More importantly, the green light for the port project highlights China's determination to secure access to a network of coastal installations across the Indian Ocean, a key part of President Xi Jinping's own pivot to the West.

Last week, an otherwise mundane civil works project leapt into the headlines when newly elected Sri Lankan President Maithripala Sirisena abandoned campaign pledges to block Chinese plans for a $1.4 billion port city in Colombo, on the western coast of the island nation. That raised eyebrows, because his election was widely seen as a blow to China's budding friendship with Sri Lanka; former President Mahinda Rajapaksa had steadily moved Sri Lanka closer to Beijing.

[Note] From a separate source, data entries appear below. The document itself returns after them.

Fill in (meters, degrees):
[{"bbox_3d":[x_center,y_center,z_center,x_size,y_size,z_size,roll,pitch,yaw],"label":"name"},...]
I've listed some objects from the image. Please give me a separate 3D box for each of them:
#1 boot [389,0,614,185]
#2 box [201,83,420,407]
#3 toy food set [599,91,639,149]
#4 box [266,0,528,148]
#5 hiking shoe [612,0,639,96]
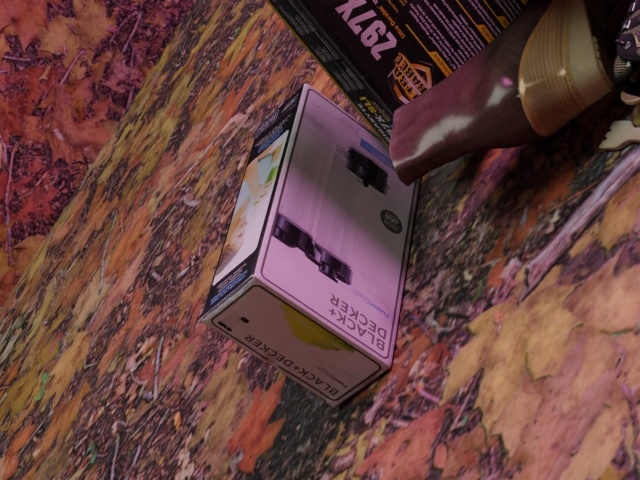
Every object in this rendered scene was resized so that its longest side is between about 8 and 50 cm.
[{"bbox_3d":[0.156,-0.163,1.309,0.207,0.090,0.248,-23,30,22],"label":"boot"},{"bbox_3d":[0.000,0.000,1.426,0.087,0.169,0.290,-39,25,38],"label":"box"},{"bbox_3d":[0.289,-0.164,1.166,0.192,0.038,0.132,-60,19,-9],"label":"toy food set"},{"bbox_3d":[0.068,-0.286,1.386,0.257,0.322,0.079,-45,16,-14],"label":"box"},{"bbox_3d":[0.258,-0.170,1.098,0.114,0.086,0.227,-38,40,19],"label":"hiking shoe"}]
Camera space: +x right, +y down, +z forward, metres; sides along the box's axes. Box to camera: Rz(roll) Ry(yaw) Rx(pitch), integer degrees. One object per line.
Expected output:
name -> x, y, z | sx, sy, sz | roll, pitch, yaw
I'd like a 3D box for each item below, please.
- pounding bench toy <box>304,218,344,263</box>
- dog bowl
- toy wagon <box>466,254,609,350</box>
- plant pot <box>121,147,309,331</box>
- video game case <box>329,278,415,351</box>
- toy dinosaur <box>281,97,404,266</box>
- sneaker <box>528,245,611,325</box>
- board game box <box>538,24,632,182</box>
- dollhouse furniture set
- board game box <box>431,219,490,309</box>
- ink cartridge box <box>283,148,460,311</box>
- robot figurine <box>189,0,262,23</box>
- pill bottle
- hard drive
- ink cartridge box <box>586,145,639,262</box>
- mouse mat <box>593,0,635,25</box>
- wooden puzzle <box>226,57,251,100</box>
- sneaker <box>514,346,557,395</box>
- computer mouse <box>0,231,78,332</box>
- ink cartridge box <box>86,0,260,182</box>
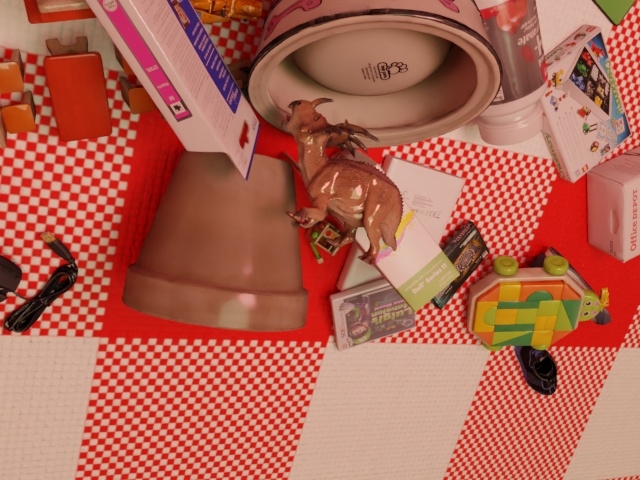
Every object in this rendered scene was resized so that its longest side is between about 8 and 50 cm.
pounding bench toy -> 0.000, 0.000, 1.383 | 0.065, 0.052, 0.083 | 33, 96, -33
dog bowl -> 0.083, -0.304, 1.107 | 0.408, 0.408, 0.150 | 11, 69, -30
toy wagon -> 0.533, 0.159, 1.635 | 0.344, 0.068, 0.267 | -1, 126, 2
plant pot -> -0.161, -0.010, 1.176 | 0.323, 0.323, 0.280 | 9, 90, -29
video game case -> 0.120, 0.159, 1.494 | 0.190, 0.022, 0.173 | -16, 133, -9
toy dinosaur -> 0.055, -0.088, 1.092 | 0.295, 0.127, 0.200 | 32, 87, -22
sneaker -> 0.630, 0.143, 1.743 | 0.131, 0.112, 0.319 | -42, 119, 14
board game box -> 0.591, -0.305, 1.538 | 0.193, 0.053, 0.305 | -38, 124, -5
dollhouse furniture set -> -0.363, -0.255, 0.991 | 0.262, 0.135, 0.259 | -13, 138, -19
board game box -> 0.309, 0.058, 1.553 | 0.186, 0.026, 0.126 | -48, 136, -9
ink cartridge box -> 0.094, -0.054, 1.282 | 0.119, 0.207, 0.353 | -40, 114, 1
robot figurine -> -0.226, -0.440, 1.050 | 0.291, 0.085, 0.211 | 0, 112, -27
pill bottle -> 0.347, -0.354, 1.321 | 0.176, 0.176, 0.319 | -30, 122, -12
hard drive -> 0.176, -0.016, 1.470 | 0.203, 0.040, 0.308 | 12, 107, -30
ink cartridge box -> 0.832, -0.117, 1.698 | 0.307, 0.129, 0.223 | -24, 121, -15
mouse mat -> 0.667, -0.589, 1.476 | 0.152, 0.007, 0.190 | 29, 96, -33
wooden puzzle -> -0.146, -0.282, 1.205 | 0.116, 0.014, 0.079 | -29, 122, -12
sneaker -> 0.602, 0.360, 1.823 | 0.081, 0.090, 0.232 | -41, 123, -4
computer mouse -> -0.535, 0.039, 1.129 | 0.184, 0.060, 0.262 | -40, 124, -4
ink cartridge box -> -0.206, -0.265, 0.986 | 0.069, 0.176, 0.371 | -19, 126, 19
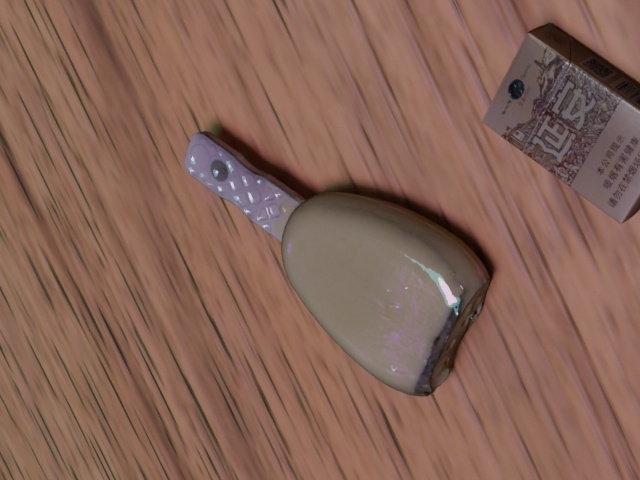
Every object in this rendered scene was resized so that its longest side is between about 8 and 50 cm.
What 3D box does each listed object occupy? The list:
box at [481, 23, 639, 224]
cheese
[{"bbox_3d":[0.120,-0.053,0.598,0.083,0.024,0.053,37,128,18],"label":"box"},{"bbox_3d":[0.000,0.000,0.707,0.192,0.037,0.097,36,127,20],"label":"cheese"}]

Last month, just after taking office, new Sri Lankan government officials had expressed concern about the security implications of the Chinese project, which Xi launched with great fanfare on a visit last September. Within weeks, however, Sirisena gave the go-ahead for the port development in order to avoid, as Sri Lankan officials said, a "misunderstanding" with China. (Just to further muddy the waters, the new prime minister tried to walk back the approval late last week in comments to Parliament, but the Chinese firm set to build the port is convinced it will now go ahead.)

Colombo Port City is about a whole lot more than a deep-water harbor, golf course, and Formula One racetrack. It's part and parcel of one of Xi's signature foreign-policy initiatives: a double-barreled, $40 billion plan to deepen China's physical and economic links with neighbors to the West.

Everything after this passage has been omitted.